You know, too many people worry about the trivialities of life, but those who look past these pot holes in the road are the ones who will arrive at their destination first. You should live for yourself, no one else. Do things that make you happy, because in the long run, don't you want to be doing something you enjoy?
Do not lose track of your goals in life, let yourself fall short of any aspirations, or let anyone dissuade your beliefs. Be diligent with your work ethic, temperate with your leisure and always conscious of those around you who have helped you and inspired you. When in doubt, a call home can usually remedy the situation. But at the same time, you must learn to make decisions for yourselves, pedal on your own.
Class of 2012, today you are being given a new block of clay with which to shape your future. This block can be shaped in any way that you can conceive; however, you must first realize that you are the one making the sculpture; you are the artist.

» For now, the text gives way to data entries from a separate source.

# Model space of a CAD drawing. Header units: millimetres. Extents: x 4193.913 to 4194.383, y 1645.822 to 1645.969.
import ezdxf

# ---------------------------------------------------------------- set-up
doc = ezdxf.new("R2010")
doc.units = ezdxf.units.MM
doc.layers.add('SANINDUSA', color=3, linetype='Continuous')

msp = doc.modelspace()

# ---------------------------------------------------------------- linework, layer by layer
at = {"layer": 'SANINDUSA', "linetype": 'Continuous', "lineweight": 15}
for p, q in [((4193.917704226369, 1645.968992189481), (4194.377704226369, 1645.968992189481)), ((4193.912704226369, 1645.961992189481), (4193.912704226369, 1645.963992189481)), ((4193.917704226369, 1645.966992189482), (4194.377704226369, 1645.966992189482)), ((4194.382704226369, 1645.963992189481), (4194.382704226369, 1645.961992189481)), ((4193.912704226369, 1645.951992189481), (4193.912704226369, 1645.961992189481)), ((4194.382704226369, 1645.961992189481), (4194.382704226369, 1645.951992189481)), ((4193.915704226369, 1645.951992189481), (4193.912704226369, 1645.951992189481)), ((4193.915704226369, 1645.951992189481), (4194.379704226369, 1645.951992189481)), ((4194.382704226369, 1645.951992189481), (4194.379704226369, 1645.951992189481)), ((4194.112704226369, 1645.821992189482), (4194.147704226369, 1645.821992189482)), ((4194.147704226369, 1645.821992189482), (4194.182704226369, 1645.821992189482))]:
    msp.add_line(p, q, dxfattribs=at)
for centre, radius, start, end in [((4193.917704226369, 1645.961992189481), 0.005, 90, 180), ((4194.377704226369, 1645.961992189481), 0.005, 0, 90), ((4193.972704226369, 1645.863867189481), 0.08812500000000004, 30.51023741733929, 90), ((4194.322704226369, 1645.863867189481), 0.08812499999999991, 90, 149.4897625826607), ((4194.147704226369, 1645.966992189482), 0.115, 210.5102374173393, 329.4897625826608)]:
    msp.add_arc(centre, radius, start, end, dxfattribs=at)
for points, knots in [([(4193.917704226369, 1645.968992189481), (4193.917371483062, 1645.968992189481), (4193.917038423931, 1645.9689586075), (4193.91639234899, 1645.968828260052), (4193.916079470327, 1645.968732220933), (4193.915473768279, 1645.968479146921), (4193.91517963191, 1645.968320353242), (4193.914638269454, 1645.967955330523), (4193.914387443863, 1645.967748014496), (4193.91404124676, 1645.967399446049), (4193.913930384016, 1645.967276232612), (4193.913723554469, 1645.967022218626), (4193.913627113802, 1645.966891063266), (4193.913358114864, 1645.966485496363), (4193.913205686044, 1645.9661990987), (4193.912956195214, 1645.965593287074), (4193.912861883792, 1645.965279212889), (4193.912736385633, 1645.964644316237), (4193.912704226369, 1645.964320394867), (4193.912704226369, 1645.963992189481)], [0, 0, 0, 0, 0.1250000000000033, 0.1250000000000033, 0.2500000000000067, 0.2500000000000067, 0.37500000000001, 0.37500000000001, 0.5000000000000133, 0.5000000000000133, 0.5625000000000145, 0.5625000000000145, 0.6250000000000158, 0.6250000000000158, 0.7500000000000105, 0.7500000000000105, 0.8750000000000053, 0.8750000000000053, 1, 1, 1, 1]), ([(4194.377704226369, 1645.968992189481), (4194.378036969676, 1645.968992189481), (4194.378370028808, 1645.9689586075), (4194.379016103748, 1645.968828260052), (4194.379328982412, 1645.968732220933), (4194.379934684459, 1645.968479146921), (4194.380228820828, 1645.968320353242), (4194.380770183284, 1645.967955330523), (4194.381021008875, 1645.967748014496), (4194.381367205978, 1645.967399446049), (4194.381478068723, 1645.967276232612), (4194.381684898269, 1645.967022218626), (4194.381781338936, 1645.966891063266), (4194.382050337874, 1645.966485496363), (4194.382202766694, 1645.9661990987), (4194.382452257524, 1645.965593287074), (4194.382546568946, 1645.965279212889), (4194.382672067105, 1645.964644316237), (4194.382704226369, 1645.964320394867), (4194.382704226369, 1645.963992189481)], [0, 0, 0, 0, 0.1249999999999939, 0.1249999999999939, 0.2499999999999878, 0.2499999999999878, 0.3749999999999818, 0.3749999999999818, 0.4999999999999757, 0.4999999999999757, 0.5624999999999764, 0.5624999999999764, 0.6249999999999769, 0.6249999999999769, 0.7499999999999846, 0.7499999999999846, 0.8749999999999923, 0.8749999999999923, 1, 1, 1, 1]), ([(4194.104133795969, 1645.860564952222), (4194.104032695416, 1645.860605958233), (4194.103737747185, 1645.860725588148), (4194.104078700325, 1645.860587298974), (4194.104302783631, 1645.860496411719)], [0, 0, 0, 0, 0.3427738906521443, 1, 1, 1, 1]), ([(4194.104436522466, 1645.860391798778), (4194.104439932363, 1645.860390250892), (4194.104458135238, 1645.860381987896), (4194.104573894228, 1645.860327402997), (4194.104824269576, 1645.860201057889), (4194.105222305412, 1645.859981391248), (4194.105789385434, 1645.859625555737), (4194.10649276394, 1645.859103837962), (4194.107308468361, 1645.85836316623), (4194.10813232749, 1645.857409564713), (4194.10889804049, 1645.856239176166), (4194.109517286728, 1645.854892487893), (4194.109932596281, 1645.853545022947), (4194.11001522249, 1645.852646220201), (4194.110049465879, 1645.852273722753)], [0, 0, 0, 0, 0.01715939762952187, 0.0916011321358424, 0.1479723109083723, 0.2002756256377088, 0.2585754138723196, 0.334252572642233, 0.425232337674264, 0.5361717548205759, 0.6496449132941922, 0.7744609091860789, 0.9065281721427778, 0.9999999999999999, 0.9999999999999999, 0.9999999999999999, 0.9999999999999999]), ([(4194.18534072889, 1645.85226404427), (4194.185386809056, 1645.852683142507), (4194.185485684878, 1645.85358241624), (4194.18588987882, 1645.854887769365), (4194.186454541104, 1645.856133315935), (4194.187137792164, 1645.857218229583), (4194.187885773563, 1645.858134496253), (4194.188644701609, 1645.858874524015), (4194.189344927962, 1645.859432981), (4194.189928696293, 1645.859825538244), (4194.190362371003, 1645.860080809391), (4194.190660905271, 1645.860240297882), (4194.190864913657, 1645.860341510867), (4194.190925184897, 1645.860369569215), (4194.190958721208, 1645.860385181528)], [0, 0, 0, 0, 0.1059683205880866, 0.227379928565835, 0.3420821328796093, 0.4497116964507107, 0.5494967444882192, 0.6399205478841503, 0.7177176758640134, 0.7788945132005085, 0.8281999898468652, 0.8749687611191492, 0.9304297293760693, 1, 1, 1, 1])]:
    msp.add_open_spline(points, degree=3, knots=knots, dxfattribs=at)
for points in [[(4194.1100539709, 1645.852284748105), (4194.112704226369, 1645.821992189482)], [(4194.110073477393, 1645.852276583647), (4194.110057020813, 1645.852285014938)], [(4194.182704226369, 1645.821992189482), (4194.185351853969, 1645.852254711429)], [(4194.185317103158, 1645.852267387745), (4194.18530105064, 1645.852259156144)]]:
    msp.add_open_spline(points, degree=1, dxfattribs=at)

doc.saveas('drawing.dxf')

Seize the day, class of 2012! Do not let opportunities pass you by; they are the ones driving the red sports cars and traveling faster than you. Ask yourself: what do I want to do with my life? What kind of person am I? What kind of person do I want to be? What changes need to be made? Times are different now that you have graduated, you have to do things for yourselves. You make your future what you want it to be. Since each thing in the world today has been made by an individual who wanted to make it, who's to say that you can't make what you want happen?
Those who command the respect of others will be tomorrow's leaders; those who command the admiration of others will be tomorrow's heroes; and those who command the space shuttle will be tomorrow's astronauts. At any rate, there are essential necessities for your success: being respected before being liked; looking beyond superficiality before casting judgements; assessing the merit of all things that you come across before holding them in high regard; patience before impetuousness; and finally, integrity before vanity. In all that you do in life, look at the big picture and try to comprehend all that you see; do not let your predilections blind you to new things. There is a wonderful world of endless knowledge out there. You only get one life to experience it, why not make the most of that opportunity?
You have all accomplished many things in the mandatory part of your educational careers, but what will you do from here? The answer: anything. Anything you want to do can be done, it is all at your fingertips, but you have to realize this. You have to realize what it takes to accomplish what you want. If you want to be a doctor, go to medical school; if you want to be a lawyer, go to law school; if you want to be an engineer, go to engineering school; or, if you want to go and hunt for the Sasquatch, then go learn forensic science and pursue your quest! The only thing is that you must realize that you can do anything. Anything, class of 2012, you can make it happen. It's just up to you where you are going.